While Foley has become wealthy through the equity stakes he's accumulated, part of his fortune has come from bonuses received as a result of spinoffs and mergers. He was the fourth-highest paid U.S. executive in 2014, thanks to a $42.7 million payout that was mostly tied to organizing pieces of Fidelity National Financial's business into a subsidiary.

Potential Conflicts

A surfeit of SPACs heightens the risk of dealmaking with potential conflicts of interest, according to lawyers. Sometimes dealmakers find themselves on both sides of a transaction, such as when SPAC manager Chamath Palihapitiya's Social Capital III agreed this month to merge with Clover Health, an insurance startup in which Palihapitiya's previous venture capital firm, Social Capital, was a small investor, according to PitchBook.

In other instances, SPAC founders can pocket additional fees from giving deal advice on their own deals. 's boutique investment bank received a fee in the form of shares when his Churchill Capital III SPAC merged with MultiPlan Inc. Klein and the SPAC are now being sued by an investor for, among other things, failing to reveal conflicts of interest.

A representative for Klein declined to comment, as did one for Social Capital.

Conflicts could arise “in any kind of transaction where there are people with a substantial vested interest in the outcome,” said Alan Seem, a partner at Jones Day. That's particularly true for SPACs. When sponsors identify a target to buy, they have an incentive to get the deal approved by the SPAC shareholders. If it doesn't go through, sponsors don't get their equity payout and lose the money they put up to start the SPAC.

“That could lead to the sponsors overselling the merits of the deal to try to get it across the finish line,” Seem said.

Conflicts of interest have to be disclosed to investors and many SPACs state in listing documents that they're allowed to pursue mergers with companies with which their management is already involved.

U.S. Securities and Exchange Commission Chairman Jay Clayton said last month the agency is examining how SPACs disclose the financial incentives for executives to ensure they're clearly spelled out.

Circular Nature

The somewhat circular nature of Foley's first SPAC deal underscores the benefits of having a network to help execute a profitable deal. Not only was Foley a founding sponsor, he was also a major shareholder in Fidelity National Financial, which helped finance the SPAC deal and ultimately acquired the resulting business.

That deal sparked the Miami pension fund's lawsuit against Foley and his fellow board members, accusing Foley of enriching himself by merging these companies without taking shareholders into account.
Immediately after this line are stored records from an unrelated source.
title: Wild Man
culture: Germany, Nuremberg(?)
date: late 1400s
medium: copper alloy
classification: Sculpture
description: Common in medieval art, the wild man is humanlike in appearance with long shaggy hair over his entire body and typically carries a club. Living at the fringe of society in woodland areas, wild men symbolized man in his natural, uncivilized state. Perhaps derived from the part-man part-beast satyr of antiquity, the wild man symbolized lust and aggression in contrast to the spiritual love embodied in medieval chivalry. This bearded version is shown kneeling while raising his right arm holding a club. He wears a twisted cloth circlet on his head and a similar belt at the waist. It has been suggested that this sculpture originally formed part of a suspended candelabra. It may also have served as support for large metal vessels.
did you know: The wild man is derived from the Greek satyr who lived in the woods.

Fidelity National Financial said in a statement that the complaint is without merit and “a gross distortion of the company's track record under its chairman and a highly talented, independent and experienced board of directors.”

Foley said the FGL deal was negotiated by two independent boards and had a Chinese wall. Foley said that while he's hired people who used to work for him in other businesses, his companies “try to be very conscious of any kinds of conflict of interest.”
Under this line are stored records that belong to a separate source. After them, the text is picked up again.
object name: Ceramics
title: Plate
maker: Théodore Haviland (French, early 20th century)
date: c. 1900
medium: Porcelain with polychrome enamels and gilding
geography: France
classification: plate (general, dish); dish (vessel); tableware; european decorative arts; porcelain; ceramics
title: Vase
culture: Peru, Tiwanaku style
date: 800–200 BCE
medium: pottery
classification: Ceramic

Still, his style of dealmaking has been used against him. Data provider CoreLogic Inc., is trying to fend off an unsolicited takeover and board fight from Foley's Cannae Holdings and activist investor Senator Investment Group. The company has used the notion of “The Foley Network” in its defense ahead of a shareholder vote next month, arguing the intermingling of his various business interests could create a conflict.
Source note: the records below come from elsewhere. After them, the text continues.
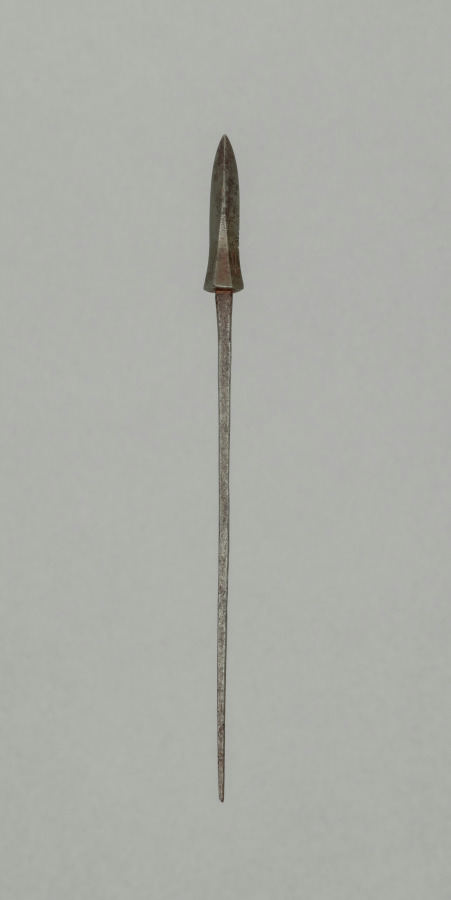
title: Arrow Point
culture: Japan, Edo period (1615–1868)
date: 1700s
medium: steel
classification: Arms and Armor
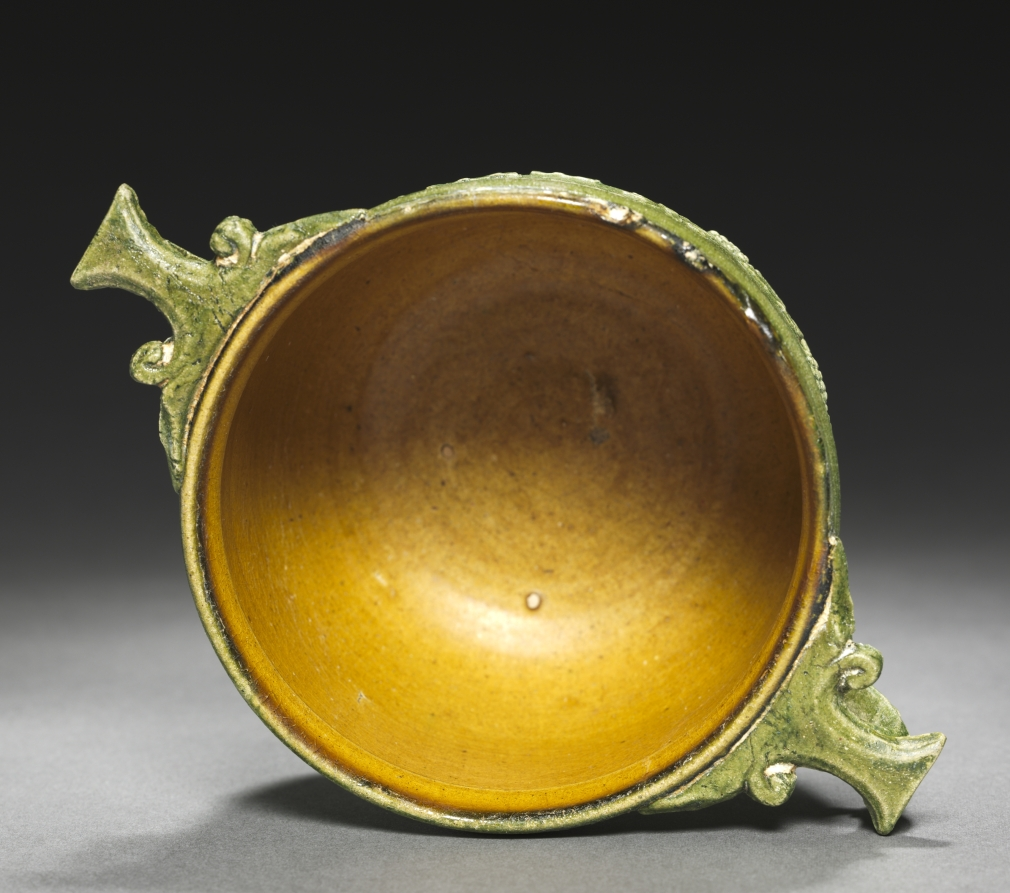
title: Skyphos
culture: probably Turkey, Roman
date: 1–100 CE
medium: earthenware with slip decoration
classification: Ceramic
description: Lead glaze was first used near the Mediterranean basin around 1000 bc, appearing in Mesopotamia and Egypt almost simultaneously. The technique flourished during the Roman Empire, and examples can be found in all reaches of the realm from England and Germany to North Africa, Syria, and Turkey, and perhaps even further east. This is a very fine example of this technique.
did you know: Lead glaze is what gives this wine cup its yellowish-green color.

Cannae said in a statement that neither it nor Senator have “a single overlapping business with CoreLogic,” and that any overlapping director issues can be easily remedied.

Foley is weighing a fourth SPAC but says his investors will first want to see a positive outcome with the current three. He said he's also wary of the proliferating number of entrants in the SPAC market, not all of which he considers high quality.

“Anytime you have a run on something, there's going to be some fallout.”